Exercise requirements - Report every line below that carries the word "France".

Data section -
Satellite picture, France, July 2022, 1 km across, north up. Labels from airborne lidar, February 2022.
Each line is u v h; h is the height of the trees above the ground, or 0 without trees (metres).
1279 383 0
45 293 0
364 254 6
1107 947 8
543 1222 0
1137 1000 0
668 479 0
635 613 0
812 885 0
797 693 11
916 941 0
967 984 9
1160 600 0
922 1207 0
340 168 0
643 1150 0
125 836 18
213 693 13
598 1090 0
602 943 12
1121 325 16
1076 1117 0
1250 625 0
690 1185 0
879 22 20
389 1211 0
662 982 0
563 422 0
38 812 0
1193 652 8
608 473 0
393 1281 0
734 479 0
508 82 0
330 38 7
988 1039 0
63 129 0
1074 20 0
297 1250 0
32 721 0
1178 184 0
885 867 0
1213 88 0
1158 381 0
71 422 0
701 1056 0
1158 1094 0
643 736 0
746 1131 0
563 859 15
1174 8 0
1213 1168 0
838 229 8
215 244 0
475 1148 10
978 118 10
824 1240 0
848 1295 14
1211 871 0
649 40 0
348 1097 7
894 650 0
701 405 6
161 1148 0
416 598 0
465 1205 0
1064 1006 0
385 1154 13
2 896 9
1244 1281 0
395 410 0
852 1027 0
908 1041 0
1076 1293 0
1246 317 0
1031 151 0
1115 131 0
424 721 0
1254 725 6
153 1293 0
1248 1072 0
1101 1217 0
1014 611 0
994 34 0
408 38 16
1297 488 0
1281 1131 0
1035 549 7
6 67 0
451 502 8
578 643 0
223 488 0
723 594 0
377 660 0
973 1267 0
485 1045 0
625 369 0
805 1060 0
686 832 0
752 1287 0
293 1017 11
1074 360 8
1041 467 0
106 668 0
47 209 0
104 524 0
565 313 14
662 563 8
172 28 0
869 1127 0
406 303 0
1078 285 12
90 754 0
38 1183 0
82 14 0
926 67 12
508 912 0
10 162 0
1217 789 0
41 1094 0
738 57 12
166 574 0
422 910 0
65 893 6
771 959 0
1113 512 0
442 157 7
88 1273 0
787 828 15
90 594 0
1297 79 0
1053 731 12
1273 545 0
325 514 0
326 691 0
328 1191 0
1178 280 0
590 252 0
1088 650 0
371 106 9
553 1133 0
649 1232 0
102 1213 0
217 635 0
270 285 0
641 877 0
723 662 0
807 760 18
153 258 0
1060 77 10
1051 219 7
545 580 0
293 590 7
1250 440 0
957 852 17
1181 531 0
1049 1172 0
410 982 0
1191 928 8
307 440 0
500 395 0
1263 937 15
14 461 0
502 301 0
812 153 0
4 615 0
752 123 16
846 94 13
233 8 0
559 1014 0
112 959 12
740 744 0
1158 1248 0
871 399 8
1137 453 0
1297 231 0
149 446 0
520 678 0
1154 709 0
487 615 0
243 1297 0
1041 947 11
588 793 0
==
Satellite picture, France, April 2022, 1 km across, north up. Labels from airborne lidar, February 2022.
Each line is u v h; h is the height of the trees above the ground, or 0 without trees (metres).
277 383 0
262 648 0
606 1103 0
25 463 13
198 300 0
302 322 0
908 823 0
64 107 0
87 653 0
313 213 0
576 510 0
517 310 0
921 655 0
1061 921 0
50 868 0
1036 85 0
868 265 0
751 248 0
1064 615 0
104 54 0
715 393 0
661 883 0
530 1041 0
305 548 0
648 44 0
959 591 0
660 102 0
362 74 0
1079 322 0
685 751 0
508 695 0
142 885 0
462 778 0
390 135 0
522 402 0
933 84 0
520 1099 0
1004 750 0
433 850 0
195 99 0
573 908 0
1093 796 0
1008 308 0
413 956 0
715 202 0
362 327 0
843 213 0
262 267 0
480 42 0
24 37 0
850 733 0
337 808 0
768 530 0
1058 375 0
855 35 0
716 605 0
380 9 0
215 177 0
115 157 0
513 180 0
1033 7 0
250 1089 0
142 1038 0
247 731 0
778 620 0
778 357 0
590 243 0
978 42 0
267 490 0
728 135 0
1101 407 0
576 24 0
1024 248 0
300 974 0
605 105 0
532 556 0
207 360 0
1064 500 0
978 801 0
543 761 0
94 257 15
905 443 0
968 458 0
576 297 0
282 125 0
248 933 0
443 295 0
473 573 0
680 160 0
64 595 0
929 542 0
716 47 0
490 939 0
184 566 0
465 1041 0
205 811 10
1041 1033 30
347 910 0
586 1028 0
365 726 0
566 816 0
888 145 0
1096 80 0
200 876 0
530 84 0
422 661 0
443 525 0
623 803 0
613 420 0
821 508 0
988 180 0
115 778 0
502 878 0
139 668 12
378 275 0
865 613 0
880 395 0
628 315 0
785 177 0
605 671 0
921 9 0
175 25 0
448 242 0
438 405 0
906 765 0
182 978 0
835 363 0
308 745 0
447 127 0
--
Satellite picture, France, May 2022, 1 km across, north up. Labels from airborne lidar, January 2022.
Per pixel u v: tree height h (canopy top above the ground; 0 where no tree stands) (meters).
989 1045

Exercise result -
Satellite picture, France, July 2022, 1 km across, north up. Labels from airborne lidar, February 2022.
Satellite picture, France, April 2022, 1 km across, north up. Labels from airborne lidar, February 2022.
Satellite picture, France, May 2022, 1 km across, north up. Labels from airborne lidar, January 2022.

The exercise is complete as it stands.